[Stored data entries]
• • •

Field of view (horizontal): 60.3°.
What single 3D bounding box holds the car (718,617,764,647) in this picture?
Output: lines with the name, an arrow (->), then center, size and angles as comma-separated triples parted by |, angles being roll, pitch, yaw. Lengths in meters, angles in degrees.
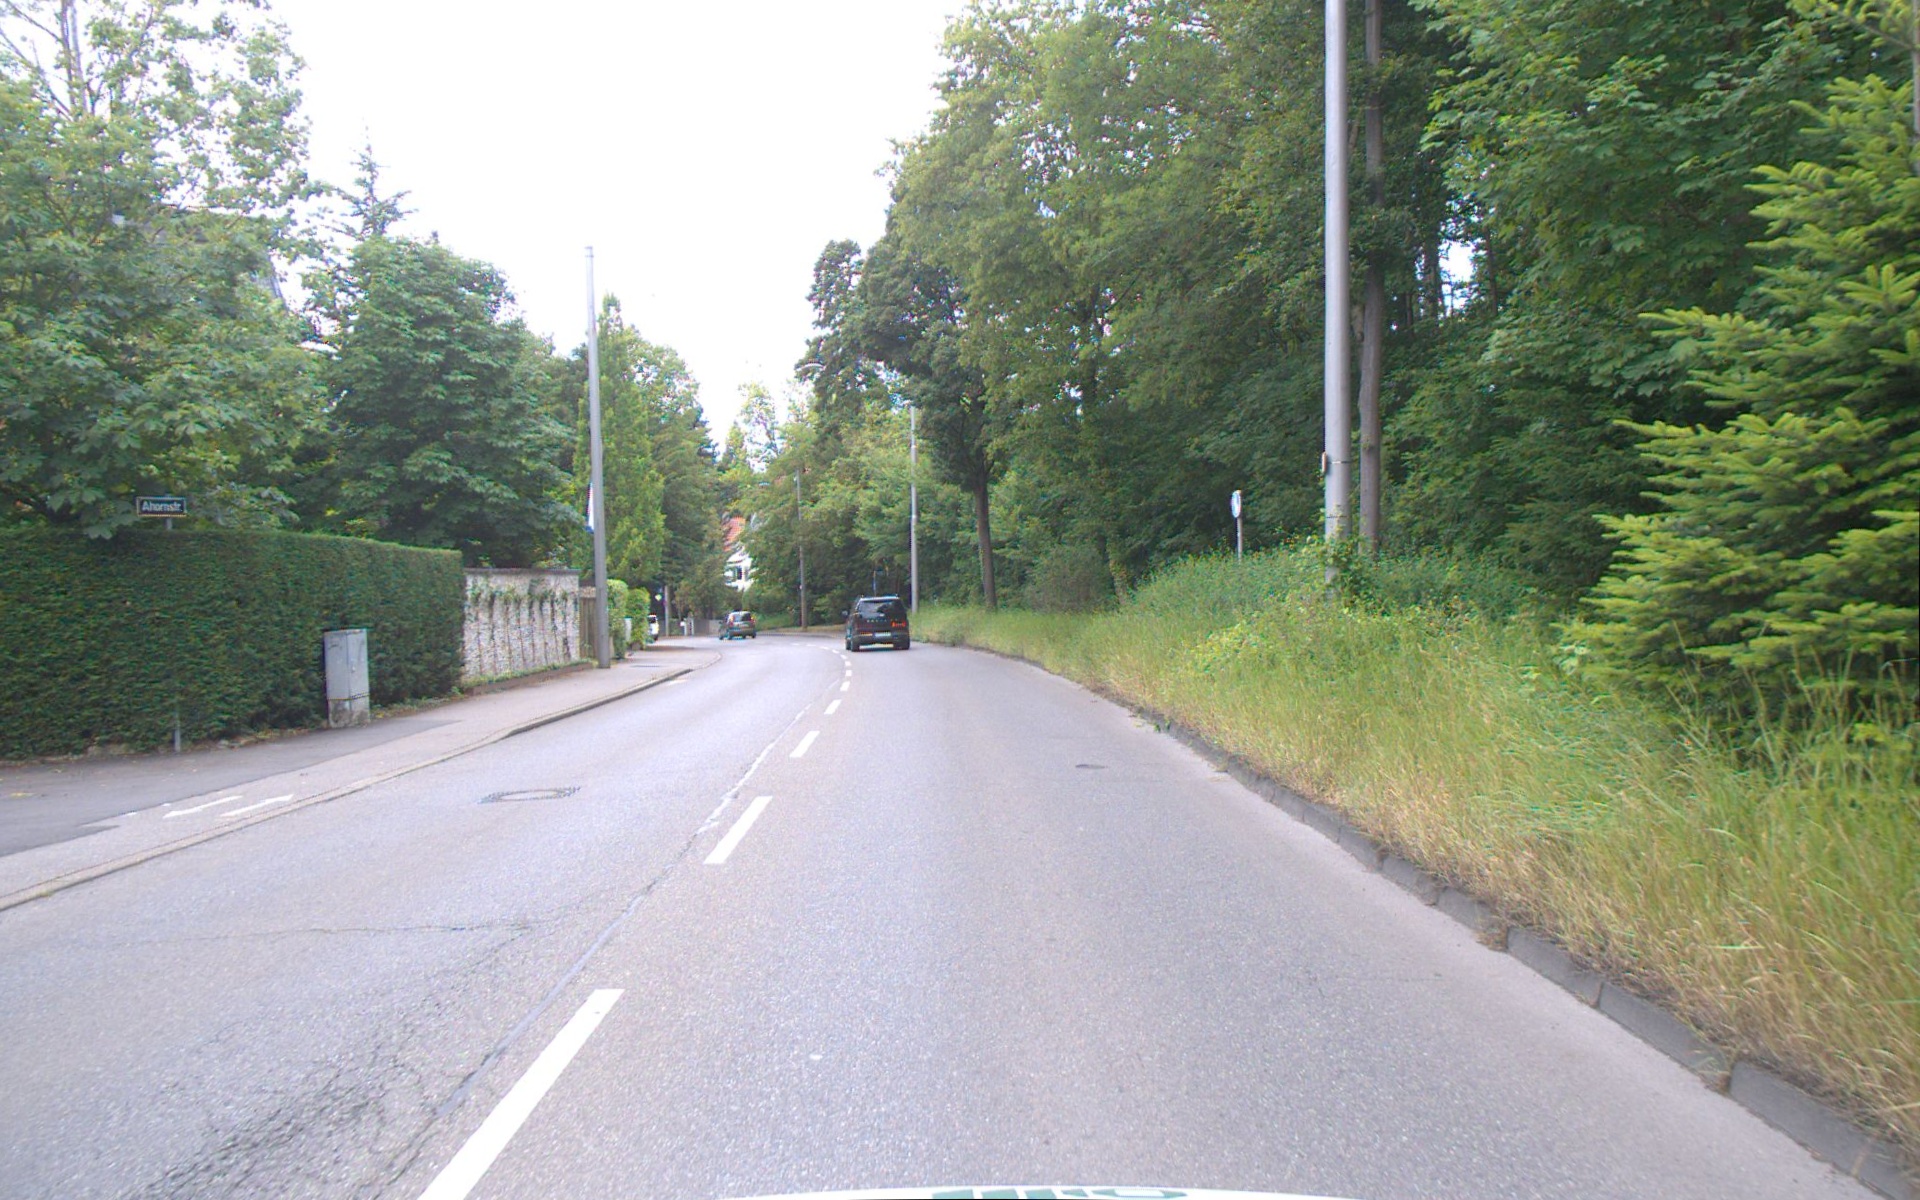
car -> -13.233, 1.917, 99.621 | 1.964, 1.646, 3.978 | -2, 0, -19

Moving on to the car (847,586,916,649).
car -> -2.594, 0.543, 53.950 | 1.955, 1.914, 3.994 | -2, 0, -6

• • •

:: Exercise prompt ::
Leave out the pictures, then give all the records again exactly.

:: Result of the task ::
Field of view (horizontal): 60.3°.
What single 3D bounding box holds the car (718,617,764,647) in this picture?
Output: lines with the name, an arrow (->), then center, size and angles as comma-separated triples parted by |, angles being roll, pitch, yaw. Lengths in meters, angles in degrees.
car -> -13.233, 1.917, 99.621 | 1.964, 1.646, 3.978 | -2, 0, -19

Moving on to the car (847,586,916,649).
car -> -2.594, 0.543, 53.950 | 1.955, 1.914, 3.994 | -2, 0, -6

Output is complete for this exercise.